Dalam perkembangan terbaru yang mengejutkan dunia, serangan Israel ke Jalur Gaza kembali menelan ratusan korban jiwa. Sebanyak 146 warga Palestina dilaporkan tewas dalam kurun waktu 24 jam terakhir akibat gempuran udara dan artileri yang menyasar berbagai wilayah padat penduduk, termasuk kota Rafah dan Khan Younis.
Serangan Tak Pandang Bulu
Wilayah Gaza kembali dilanda kehancuran besar setelah Israel meluncurkan serangan udara yang menghantam rumah-rumah penduduk, sekolah, rumah sakit, dan tempat pengungsian. Rafah, yang sebelumnya dianggap sebagai tempat relatif aman bagi para pengungsi, kini berubah menjadi wilayah mematikan. Di antara korban tewas, banyak adalah perempuan dan anak-anak.
Laporan dari organisasi HAM menyebutkan bahwa tidak ada peringatan sebelum serangan dilancarkan, membuat warga sipil tidak sempat menyelamatkan diri.
Gaza di Ambang Kehancuran
Kondisi kemanusiaan di Gaza semakin kritis. Fasilitas kesehatan lumpuh, rumah sakit kekurangan listrik, bahan bakar, dan obat-obatan. Korban luka-luka hanya mendapatkan perawatan seadanya karena kapasitas ruang rawat sudah jauh melebihi batas. Ribuan warga kini hidup tanpa air bersih dan makanan yang cukup.
Organisasi internasional seperti WHO dan UNICEF mendesak adanya gencatan senjata segera dan pembukaan akses bantuan kemanusiaan yang aman dan berkelanjutan.
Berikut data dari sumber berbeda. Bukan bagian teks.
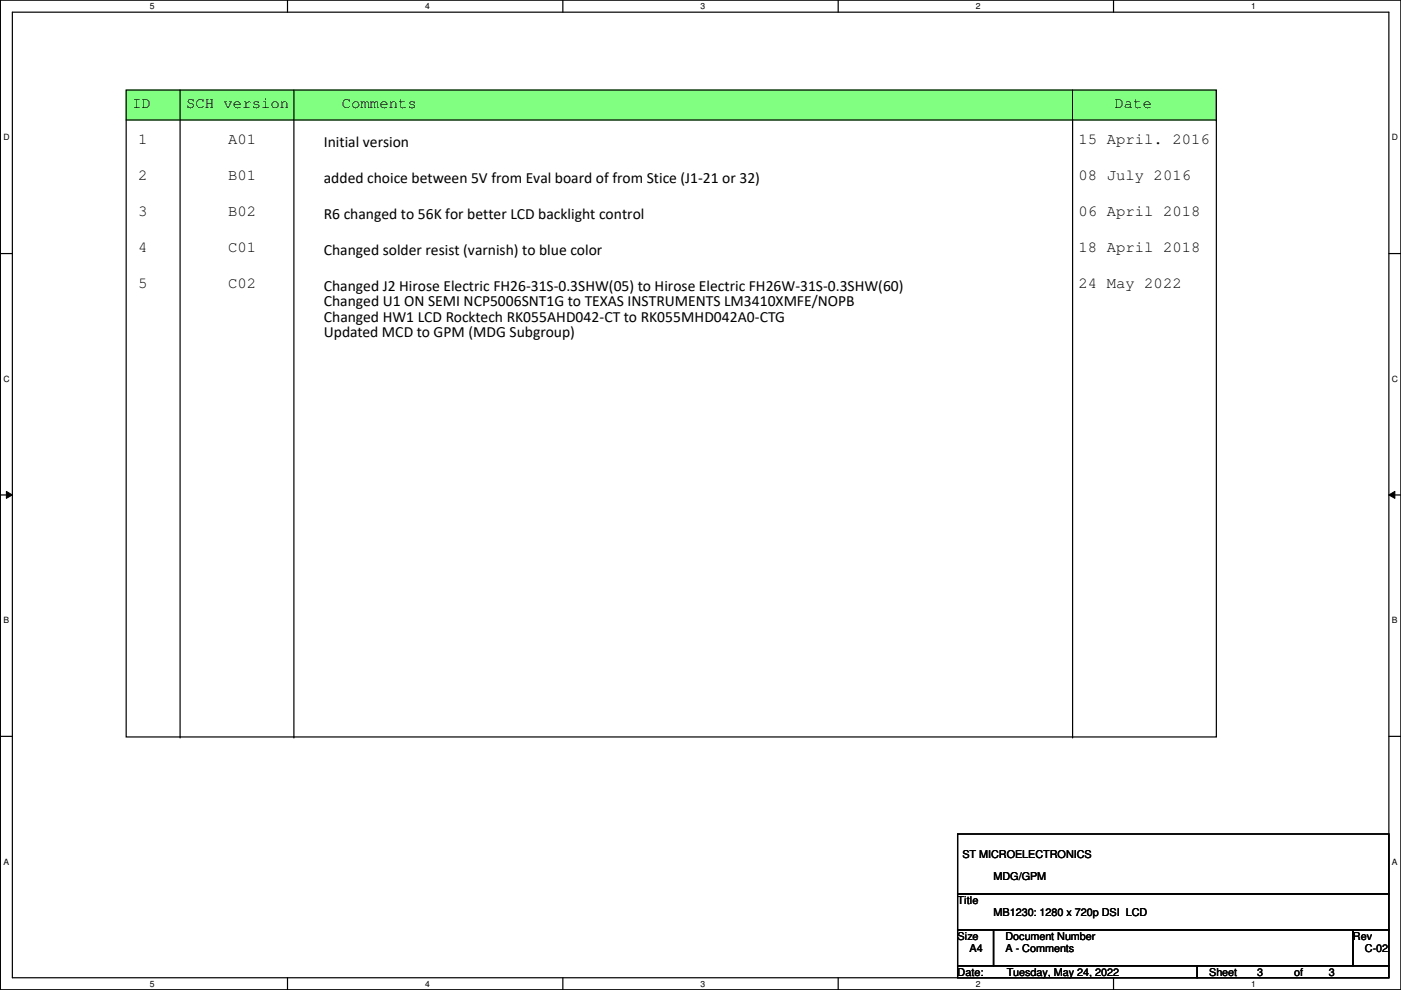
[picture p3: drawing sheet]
<svg xmlns="http://www.w3.org/2000/svg" width="297mm" height="210mm" viewBox="0 0 297 210" stroke-linecap="round" stroke-linejoin="round" font-family="sans-serif">
<defs><g id="words">
<g font-size="3.3">
<text x="28" y="23">ID</text>
<text x="39.5" y="23">SCH version</text>
<text x="72.5" y="23">Comments</text>
<text x="236.3" y="23">Date</text>
<text x="29.3" y="30.6">1</text>
<text x="48.3" y="30.6">A01</text>
<text x="68.7" y="31.1">Initial version</text>
<text x="228.7" y="30.6">15 April. 2016</text>
<text x="29.3" y="38.2">2</text>
<text x="48.3" y="38.2">B01</text>
<text x="68.7" y="38.7">added choice between 5V from Eval board of from Stice (J1-21 or 32)</text>
<text x="228.7" y="38.2">08 July 2016</text>
<text x="29.3" y="45.8">3</text>
<text x="48.3" y="45.8">B02</text>
<text x="68.7" y="46.4">R6 changed to 56K for better LCD backlight control</text>
<text x="228.7" y="45.8">06 April 2018</text>
<text x="29.3" y="53.5">4</text>
<text x="48.3" y="53.5">C01</text>
<text x="68.7" y="54">Changed solder resist (varnish) to blue color</text>
<text x="228.7" y="53.5">18 April 2018</text>
<text x="29.3" y="61.1">5</text>
<text x="48.3" y="61.1">C02</text>
<text x="68.7" y="61.6">Changed J2 Hirose Electric FH26-31S-0.3SHW(05) to Hirose Electric FH26W-31S-0.3SHW(60)</text>
<text x="68.7" y="64.9">Changed U1 ON SEMI NCP5006SNT1G to TEXAS INSTRUMENTS LM3410XMFE/NOPB</text>
<text x="228.7" y="61.1">24 May 2022</text>
<text x="68.7" y="68.2">Changed HW1 LCD Rocktech RK055AHD042-CT to RK055MHD042A0-CTG</text>
<text x="68.7" y="71.5">Updated MCD to GPM (MDG Subgroup)</text>
</g>
<g font-size="2.3">
<text x="204" y="181.9">ST MICROELECTRONICS</text>
<text x="203" y="191.6">Title</text>
<text x="210.6" y="186.5">MDG/GPM</text>
<text x="210.6" y="194.1">MB1230: 1280 x 720p DSI LCD</text>
<text x="203" y="199.2">Size</text>
<text x="205.6" y="201.8">A4</text>
<text x="213.2" y="199.2">Document Number</text>
<text x="213.2" y="201.8">A - Comments</text>
<text x="286.8" y="199.2">Rev</text>
<text x="289.4" y="201.8">C-02</text>
<text x="203" y="206.8">Date:</text>
<text x="213.4" y="206.8">Tuesday, May 24, 2022</text>
<text x="256.4" y="206.8">Sheet</text>
<text x="266.5" y="206.8">3</text>
<text x="274.4" y="206.8">of</text>
<text x="281.8" y="206.8">3</text>
</g>
<g font-size="1.8">
<text x="31.8" y="1.9">5</text>
<text x="90.1" y="1.9">4</text>
<text x="148.5" y="1.9">3</text>
<text x="206.9" y="1.9">2</text>
<text x="265.3" y="1.9">1</text>
<text x=".7" y="29.8">D</text>
<text x="295.1" y="29.8">D</text>
<text x=".7" y="80.9">C</text>
<text x="295.1" y="80.9">C</text>
<text x=".7" y="132.1">B</text>
<text x="295.1" y="132.1">B</text>
<text x=".7" y="183.3">A</text>
<text x="295.1" y="183.3">A</text>
<text x="31.8" y="209.2">5</text>
<text x="90.1" y="209.2">4</text>
<text x="148.5" y="209.2">3</text>
<text x="206.9" y="209.2">2</text>
<text x="265.3" y="209.2">1</text>
</g>
</g></defs>
<path d="M.1 0h296.9v209.8h-296.9zM2.6 2.6h291.9v204.7h-291.9z" fill="none" stroke="#000" stroke-width=".25"/>
<g fill="#fff">
<path d="M31.8 .3h1v2h-1z"/>
<path d="M31.8 207.6h1v1.9h-1z"/>
</g>
<path d="M61 0v2.6M61 207.3v2.5" fill="none" stroke="#000" stroke-width=".25"/>
<g fill="#fff">
<path d="M90.1 .3h1v2h-1z"/>
<path d="M90.1 207.6h1v1.9h-1z"/>
</g>
<path d="M119.3 0v2.6M119.3 207.3v2.5" fill="none" stroke="#000" stroke-width=".25"/>
<g fill="#fff">
<path d="M148.5 .3h1v2h-1z"/>
<path d="M148.5 207.6h1v1.9h-1z"/>
</g>
<path d="M177.7 0v2.6M177.7 207.3v2.5" fill="none" stroke="#000" stroke-width=".25"/>
<g fill="#fff">
<path d="M206.9 .3h1v2h-1z"/>
<path d="M206.9 207.6h1v1.9h-1z"/>
</g>
<path d="M236.1 0v2.6M236.1 207.3v2.5" fill="none" stroke="#000" stroke-width=".25"/>
<g fill="#fff">
<path d="M265.3 .3h.9v2h-.9z"/>
<path d="M265.3 207.6h.9v1.9h-.9z"/>
<path d="M.7 28.2h1.3v1.9h-1.3z"/>
<path d="M295.1 28.2h1.3v1.9h-1.3z"/>
<path d="M.7 79.3h1.3v2h-1.3z"/>
<path d="M295.1 79.3h1.3v2h-1.3z"/>
</g>
<path d="M.1 53.8h2.5M294.5 53.8h2.5" fill="none" stroke="#000" stroke-width=".25"/>
<g fill="#fff">
<path d="M.7 130.5h1.2v2h-1.2z"/>
<path d="M295.1 130.5h1.2v2h-1.2z"/>
</g>
<path d="M.1 104.9h2.5M294.5 104.9h2.5" fill="none" stroke="#000" stroke-width=".25"/>
<path d="M1.4 104.2l1.2 .7-1.2 .8zM294.5 104.9l1.2-.7v1.5z" fill="#000"/>
<path d="M1.4 104.2l1.2 .7-1.2 .8zM294.5 104.9l1.2-.7v1.5z" fill="none" stroke="#000" stroke-width=".21"/>
<g fill="#fff">
<path d="M.7 181.7h1.2v2h-1.2z"/>
<path d="M295.1 181.7h1.2v2h-1.2z"/>
</g>
<path d="M.1 156.1h2.5M294.5 156.1h2.5" fill="none" stroke="#000" stroke-width=".25"/>
<path d="M26.8 19.1h231.1v6.3h-231.1z" fill-rule="evenodd" fill="#80ff80"/>
<path d="M26.8 19.1h231.1v6.3h-231.1z" fill="none" stroke="#80ff80" stroke-width=".25"/>
<g fill="none" stroke="#000" stroke-width=".25">
<path d="M26.8 19.1h231.1v137.2h-231.1zM38.2 19.1v137.2M62.3 19.1v137.2M227.4 19.1v137.2M26.8 25.4h231.1M257.9 25.4h.1M38.2 156.3h.1M62.3 156.3h.1M227.4 156.3h.1M203 176.8h91.5v12.7h-91.5zM203 189.5h91.5v7.6h-91.5zM203 197.1h7.6v7.7h-7.6z"/>
<path d="M210.6 197.1h76.2v7.7h-76.2zM286.8 197.1h7.7v7.7h-7.7zM203 204.8h50.8v2.5h-50.8zM253.8 204.8h40.7v2.5h-40.7z"/>
</g>
<use href="#words"/>
</svg>

Kecaman dan Solidaritas Internasional
Banyak negara di dunia bereaksi keras terhadap meningkatnya agresi Israel. Negara-negara seperti Turki, Malaysia, Iran, dan Afrika Selatan mengeluarkan kecaman diplomatik dan menyerukan tindakan segera dari PBB. Aksi unjuk rasa solidaritas untuk Palestina kembali meluas di kota-kota besar dunia, menuntut penghentian kekerasan dan keadilan bagi rakyat Palestina.
Meski begitu, belum ada keputusan tegas dari Dewan Keamanan PBB yang mampu menghentikan konflik ini secara langsung.
Harapan di Tengah Kegelapan
Rakyat Gaza kini menaruh harapan pada dukungan internasional untuk mendorong terciptanya gencatan senjata permanen. Namun, selama kekerasan masih terus berlangsung dan korban terus berjatuhan, harapan itu seolah terabaikan.
Perlu adanya kesadaran kolektif bahwa konflik ini bukan sekadar masalah politik dan keamanan, melainkan tragedi kemanusiaan yang memerlukan penyelesaian mendesak demi menyelamatkan nyawa yang masih tersisa.